NHS managers will be urged to reject the government’s latest pay offer in a ballot of union members, LGC’s sister title Health Service Journal can reveal.
The Managers in Partnership union, which represents around 6,000 senior staff including 200 chief executives, warned that if other trade unions accepted the deal it would work with individual employers to try to restore pay for senior managers outside of the Agenda for Change framework.
The union’s council voted to ballot its members following a meeting on Tuesday over what the union called a “divisive” offer from the government to end the NHS pay dispute.
It will recommend its members reject the offer, putting managers on a collision course with other unions such as Unison and the Royal College of Midwives which are expected to recommend their members accept the deal.
The government offered to pay a consolidated 1 per cent pay rise for staff up to band 8B (a salary of £56,500) on Agenda for Change, with an additional £200 consolidated payment for lower paid staff on pay points 3-8. The bottom pay point will be scrapped and pay point 2 raised to £15,100.
These rises are on condition that staff earning more than £40,558 will not receive an increment rise this year and that unions commit to further talks to reform Agenda for Change, as well as discussing a possible cap on redundancy payments set at a maximum of £160,000.

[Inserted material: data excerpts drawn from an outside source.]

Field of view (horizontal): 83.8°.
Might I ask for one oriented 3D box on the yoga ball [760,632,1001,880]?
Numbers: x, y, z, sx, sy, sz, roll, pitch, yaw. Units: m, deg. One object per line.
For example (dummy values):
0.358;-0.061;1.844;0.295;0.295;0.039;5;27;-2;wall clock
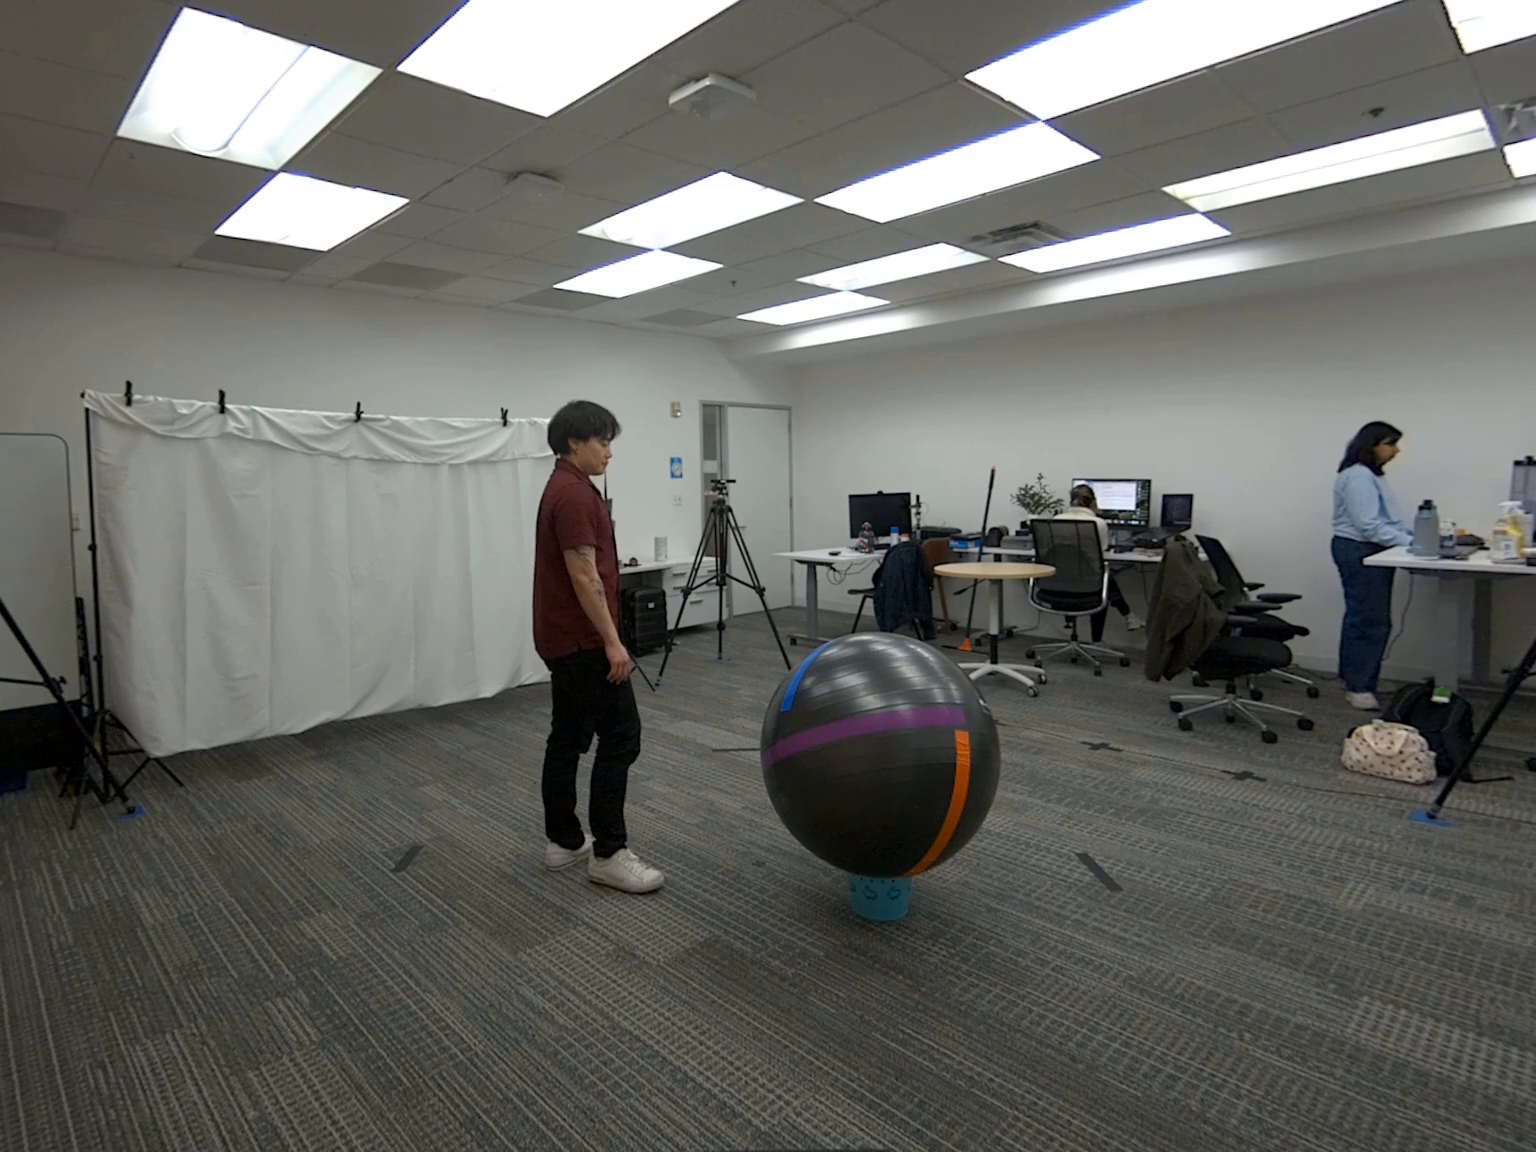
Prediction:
0.355;0.565;2.753;0.757;0.755;0.762;-1;5;-2;yoga ball
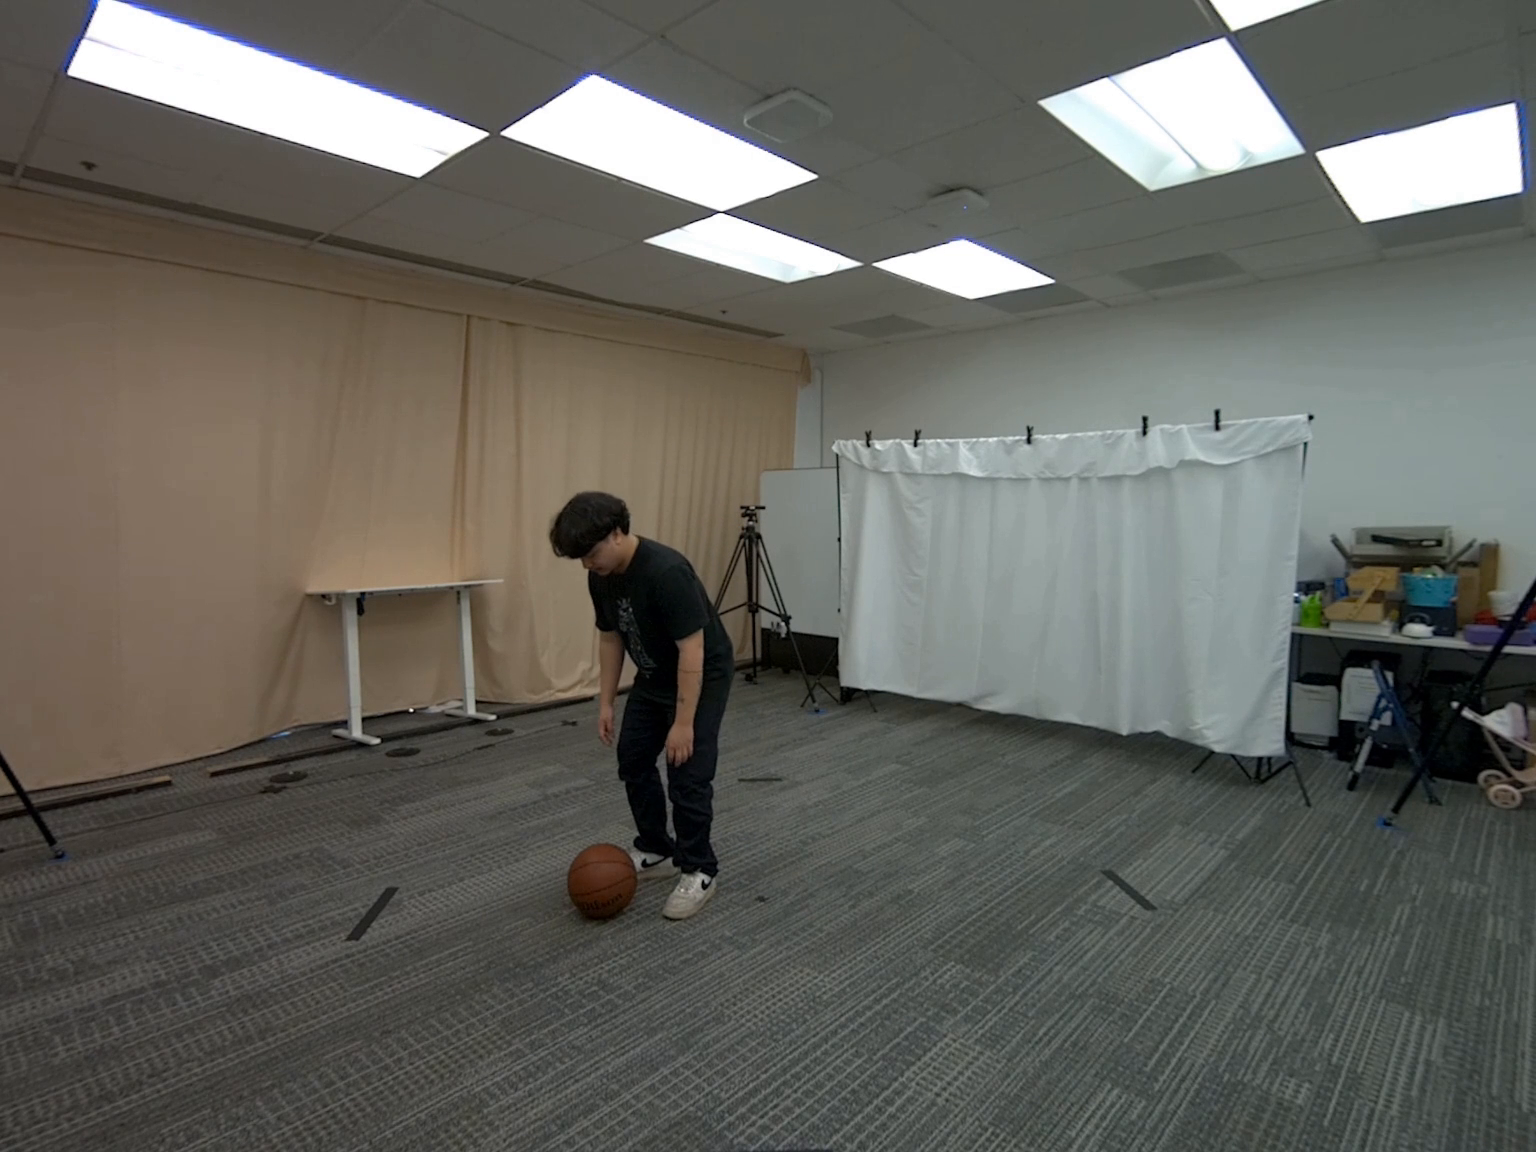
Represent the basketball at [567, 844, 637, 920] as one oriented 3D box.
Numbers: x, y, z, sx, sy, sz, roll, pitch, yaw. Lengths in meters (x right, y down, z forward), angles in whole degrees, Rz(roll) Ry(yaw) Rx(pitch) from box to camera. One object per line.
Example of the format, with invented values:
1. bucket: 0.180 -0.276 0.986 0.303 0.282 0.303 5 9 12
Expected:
1. basketball: -0.568 1.039 2.870 0.236 0.235 0.237 0 4 -2
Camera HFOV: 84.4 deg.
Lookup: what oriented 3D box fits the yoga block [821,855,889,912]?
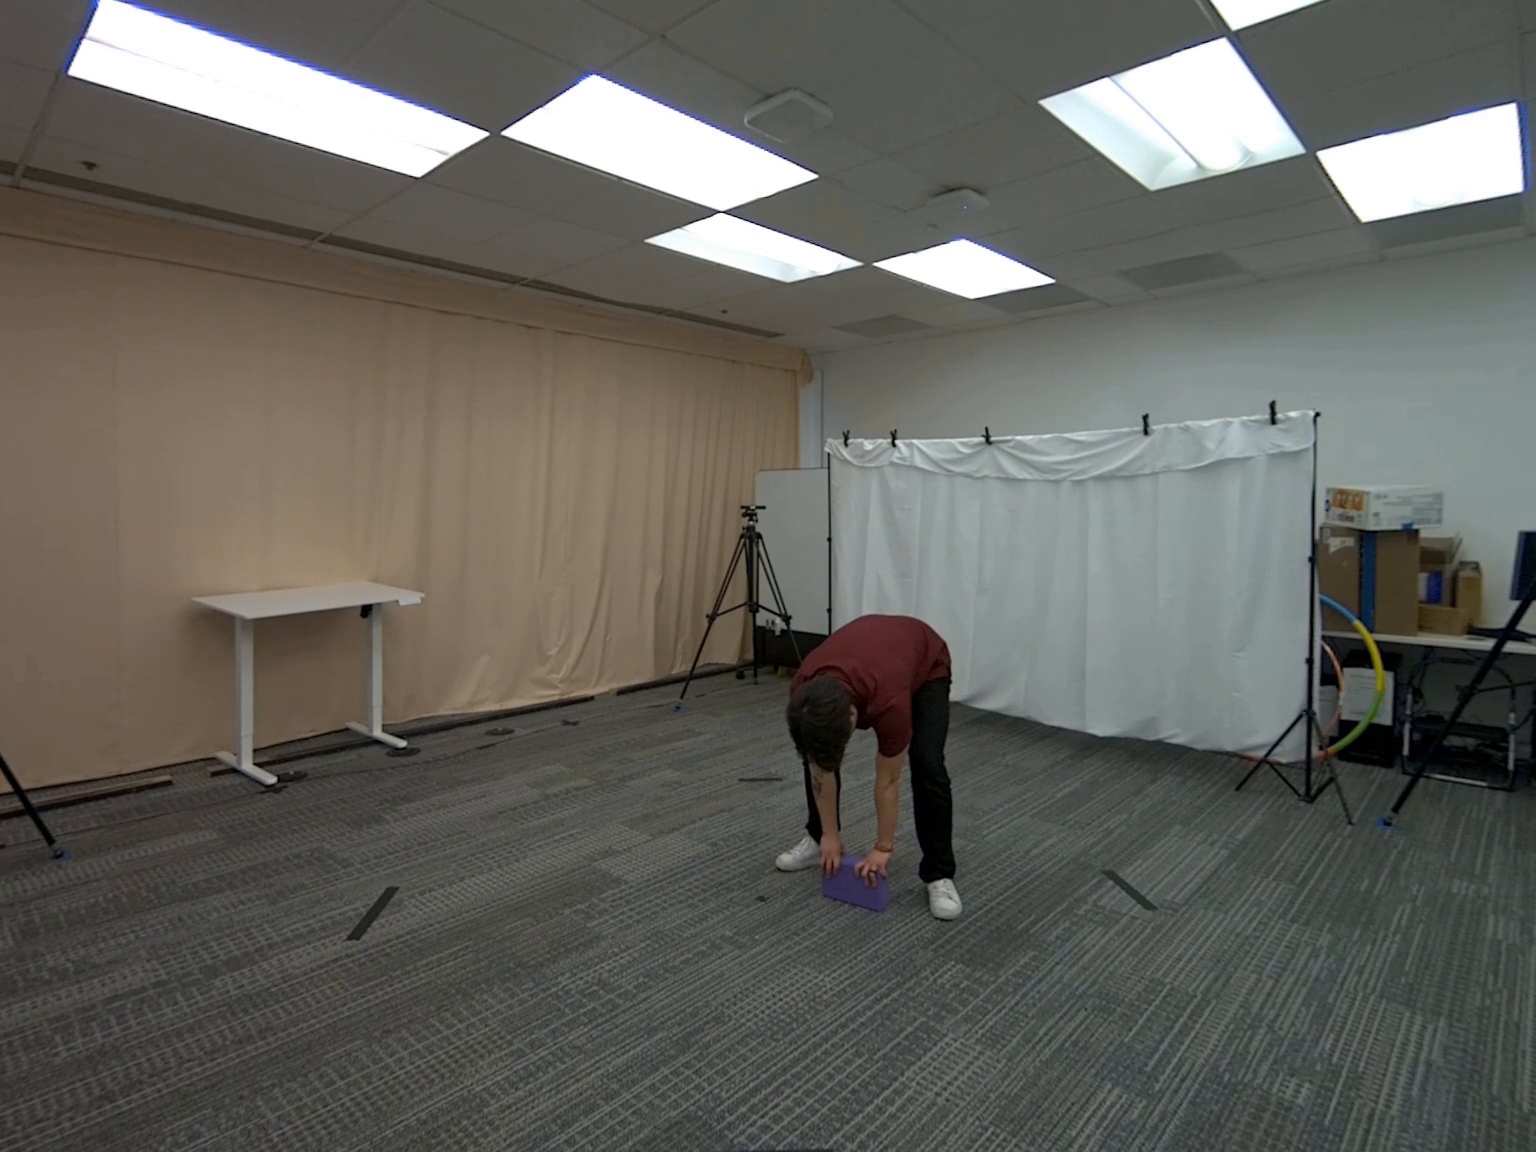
[{"bbox_3d":[0.315,1.076,2.971,0.236,0.149,0.074,4,2,31],"label":"yoga block"}]

Agenda for Change unions had previously threatened a 12 hour strike on 29 January as part of their ongoing campaign against the government’s decision to reject the NHS Pay Review Body’s recommendations.
In a statement, Managers in Partnership said the offer was unfair in targeting senior staff while leaving the pay of doctors “untouched”. It also said the offer undermines Agenda for Change and will make it harder for NHS Employers to recruit senior staff.
Jon Restell, chief executive of the union, said it supported increasing pay for the lowest paid staff, but added: “The government is solely responsible for this hugely divisive offer. It has put unions in an impossible position in the context of escalating industrial action.
“The committee considers the government’s offer undervalues senior staff and fails to recognise their skill, passion and hard work, including many hours of unpaid discretionary effort. The offer is unfair because it targets non-medical senior staff; wrong because it freezes increments; and short sighted because it ignores the impact on managers’ morale, staff and patient experience, higher agency costs and recruitment and retention.”
He added: “If the offer is accepted by unions as a whole, MiP will look to work with individual employers to restore fair pay for senior staff. We are also looking at strengthening the bargaining arrangements for senior staff nationally.”
Managers in Partnership members will also be asked to take part in an online consultation on the offer, and will be asked about their average weekly hours worked.